*TASK INSTRUCTIONS*. What you print must match the data line for line.

[Collected data]
########################################

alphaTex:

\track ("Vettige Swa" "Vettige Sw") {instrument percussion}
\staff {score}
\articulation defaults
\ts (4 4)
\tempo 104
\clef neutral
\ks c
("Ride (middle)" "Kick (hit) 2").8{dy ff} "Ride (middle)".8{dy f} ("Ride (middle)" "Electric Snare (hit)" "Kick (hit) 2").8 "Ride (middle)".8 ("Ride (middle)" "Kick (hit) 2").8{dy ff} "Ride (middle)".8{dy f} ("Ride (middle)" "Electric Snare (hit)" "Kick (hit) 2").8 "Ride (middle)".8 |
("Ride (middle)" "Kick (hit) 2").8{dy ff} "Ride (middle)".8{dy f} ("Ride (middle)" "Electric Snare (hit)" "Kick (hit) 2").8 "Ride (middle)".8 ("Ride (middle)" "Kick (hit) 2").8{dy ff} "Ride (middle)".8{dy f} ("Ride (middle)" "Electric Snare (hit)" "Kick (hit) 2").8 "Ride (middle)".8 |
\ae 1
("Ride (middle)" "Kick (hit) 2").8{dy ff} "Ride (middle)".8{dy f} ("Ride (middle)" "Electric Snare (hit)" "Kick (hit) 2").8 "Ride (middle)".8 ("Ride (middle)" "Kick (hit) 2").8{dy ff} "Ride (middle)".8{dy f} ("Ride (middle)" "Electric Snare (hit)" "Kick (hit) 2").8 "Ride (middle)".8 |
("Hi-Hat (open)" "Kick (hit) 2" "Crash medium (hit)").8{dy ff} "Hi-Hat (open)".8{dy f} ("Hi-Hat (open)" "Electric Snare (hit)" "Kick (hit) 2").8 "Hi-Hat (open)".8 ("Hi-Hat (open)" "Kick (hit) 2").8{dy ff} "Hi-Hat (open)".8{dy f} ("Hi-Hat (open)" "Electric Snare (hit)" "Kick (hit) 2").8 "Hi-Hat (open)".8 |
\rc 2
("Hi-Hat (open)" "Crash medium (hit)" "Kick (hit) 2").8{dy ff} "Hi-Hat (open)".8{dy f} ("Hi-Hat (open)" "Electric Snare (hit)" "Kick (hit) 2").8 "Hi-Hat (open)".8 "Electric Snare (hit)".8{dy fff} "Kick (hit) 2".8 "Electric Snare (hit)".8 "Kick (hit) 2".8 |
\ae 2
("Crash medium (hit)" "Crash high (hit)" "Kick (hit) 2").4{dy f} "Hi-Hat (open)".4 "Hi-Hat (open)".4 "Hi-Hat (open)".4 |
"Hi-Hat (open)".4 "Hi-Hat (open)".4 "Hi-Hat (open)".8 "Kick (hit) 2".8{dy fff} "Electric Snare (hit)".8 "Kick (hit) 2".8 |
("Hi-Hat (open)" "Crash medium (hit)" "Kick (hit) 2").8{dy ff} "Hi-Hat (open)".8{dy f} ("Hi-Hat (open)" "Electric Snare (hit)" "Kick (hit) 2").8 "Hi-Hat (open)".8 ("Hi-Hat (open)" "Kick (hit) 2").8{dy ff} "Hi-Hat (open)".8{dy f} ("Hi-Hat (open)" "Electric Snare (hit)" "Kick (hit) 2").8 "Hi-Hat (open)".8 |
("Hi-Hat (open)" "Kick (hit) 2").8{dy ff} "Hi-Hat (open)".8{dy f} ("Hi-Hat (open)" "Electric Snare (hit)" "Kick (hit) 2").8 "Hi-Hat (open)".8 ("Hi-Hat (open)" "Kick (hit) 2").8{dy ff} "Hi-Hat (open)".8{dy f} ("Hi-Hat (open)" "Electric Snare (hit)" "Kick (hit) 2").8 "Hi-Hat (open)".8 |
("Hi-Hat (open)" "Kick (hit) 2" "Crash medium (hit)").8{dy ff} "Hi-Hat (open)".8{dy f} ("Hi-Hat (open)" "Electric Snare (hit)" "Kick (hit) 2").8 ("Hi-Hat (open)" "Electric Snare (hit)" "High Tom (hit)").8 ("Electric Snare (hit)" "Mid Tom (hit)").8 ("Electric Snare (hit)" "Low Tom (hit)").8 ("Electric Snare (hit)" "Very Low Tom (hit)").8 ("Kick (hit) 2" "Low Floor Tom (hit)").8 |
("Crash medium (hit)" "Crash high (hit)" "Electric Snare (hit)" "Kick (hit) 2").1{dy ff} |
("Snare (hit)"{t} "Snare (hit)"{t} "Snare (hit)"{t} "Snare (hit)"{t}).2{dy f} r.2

########################################

*WRITTEN RESPONSE*.
alphaTex:

\track ("Vettige Swa" "Vettige Sw") {instrument percussion}
\staff {score}
\articulation defaults
\ts (4 4)
\tempo 104
\clef neutral
\ks c
("Ride (middle)" "Kick (hit) 2").8{dy ff} "Ride (middle)".8{dy f} ("Ride (middle)" "Electric Snare (hit)" "Kick (hit) 2").8 "Ride (middle)".8 ("Ride (middle)" "Kick (hit) 2").8{dy ff} "Ride (middle)".8{dy f} ("Ride (middle)" "Electric Snare (hit)" "Kick (hit) 2").8 "Ride (middle)".8 |
("Ride (middle)" "Kick (hit) 2").8{dy ff} "Ride (middle)".8{dy f} ("Ride (middle)" "Electric Snare (hit)" "Kick (hit) 2").8 "Ride (middle)".8 ("Ride (middle)" "Kick (hit) 2").8{dy ff} "Ride (middle)".8{dy f} ("Ride (middle)" "Electric Snare (hit)" "Kick (hit) 2").8 "Ride (middle)".8 |
\ae 1
("Ride (middle)" "Kick (hit) 2").8{dy ff} "Ride (middle)".8{dy f} ("Ride (middle)" "Electric Snare (hit)" "Kick (hit) 2").8 "Ride (middle)".8 ("Ride (middle)" "Kick (hit) 2").8{dy ff} "Ride (middle)".8{dy f} ("Ride (middle)" "Electric Snare (hit)" "Kick (hit) 2").8 "Ride (middle)".8 |
("Hi-Hat (open)" "Kick (hit) 2" "Crash medium (hit)").8{dy ff} "Hi-Hat (open)".8{dy f} ("Hi-Hat (open)" "Electric Snare (hit)" "Kick (hit) 2").8 "Hi-Hat (open)".8 ("Hi-Hat (open)" "Kick (hit) 2").8{dy ff} "Hi-Hat (open)".8{dy f} ("Hi-Hat (open)" "Electric Snare (hit)" "Kick (hit) 2").8 "Hi-Hat (open)".8 |
\rc 2
("Hi-Hat (open)" "Crash medium (hit)" "Kick (hit) 2").8{dy ff} "Hi-Hat (open)".8{dy f} ("Hi-Hat (open)" "Electric Snare (hit)" "Kick (hit) 2").8 "Hi-Hat (open)".8 "Electric Snare (hit)".8{dy fff} "Kick (hit) 2".8 "Electric Snare (hit)".8 "Kick (hit) 2".8 |
\ae 2
("Crash medium (hit)" "Crash high (hit)" "Kick (hit) 2").4{dy f} "Hi-Hat (open)".4 "Hi-Hat (open)".4 "Hi-Hat (open)".4 |
"Hi-Hat (open)".4 "Hi-Hat (open)".4 "Hi-Hat (open)".8 "Kick (hit) 2".8{dy fff} "Electric Snare (hit)".8 "Kick (hit) 2".8 |
("Hi-Hat (open)" "Crash medium (hit)" "Kick (hit) 2").8{dy ff} "Hi-Hat (open)".8{dy f} ("Hi-Hat (open)" "Electric Snare (hit)" "Kick (hit) 2").8 "Hi-Hat (open)".8 ("Hi-Hat (open)" "Kick (hit) 2").8{dy ff} "Hi-Hat (open)".8{dy f} ("Hi-Hat (open)" "Electric Snare (hit)" "Kick (hit) 2").8 "Hi-Hat (open)".8 |
("Hi-Hat (open)" "Kick (hit) 2").8{dy ff} "Hi-Hat (open)".8{dy f} ("Hi-Hat (open)" "Electric Snare (hit)" "Kick (hit) 2").8 "Hi-Hat (open)".8 ("Hi-Hat (open)" "Kick (hit) 2").8{dy ff} "Hi-Hat (open)".8{dy f} ("Hi-Hat (open)" "Electric Snare (hit)" "Kick (hit) 2").8 "Hi-Hat (open)".8 |
("Hi-Hat (open)" "Kick (hit) 2" "Crash medium (hit)").8{dy ff} "Hi-Hat (open)".8{dy f} ("Hi-Hat (open)" "Electric Snare (hit)" "Kick (hit) 2").8 ("Hi-Hat (open)" "Electric Snare (hit)" "High Tom (hit)").8 ("Electric Snare (hit)" "Mid Tom (hit)").8 ("Electric Snare (hit)" "Low Tom (hit)").8 ("Electric Snare (hit)" "Very Low Tom (hit)").8 ("Kick (hit) 2" "Low Floor Tom (hit)").8 |
("Crash medium (hit)" "Crash high (hit)" "Electric Snare (hit)" "Kick (hit) 2").1{dy ff} |
("Snare (hit)"{t} "Snare (hit)"{t} "Snare (hit)"{t} "Snare (hit)"{t}).2{dy f} r.2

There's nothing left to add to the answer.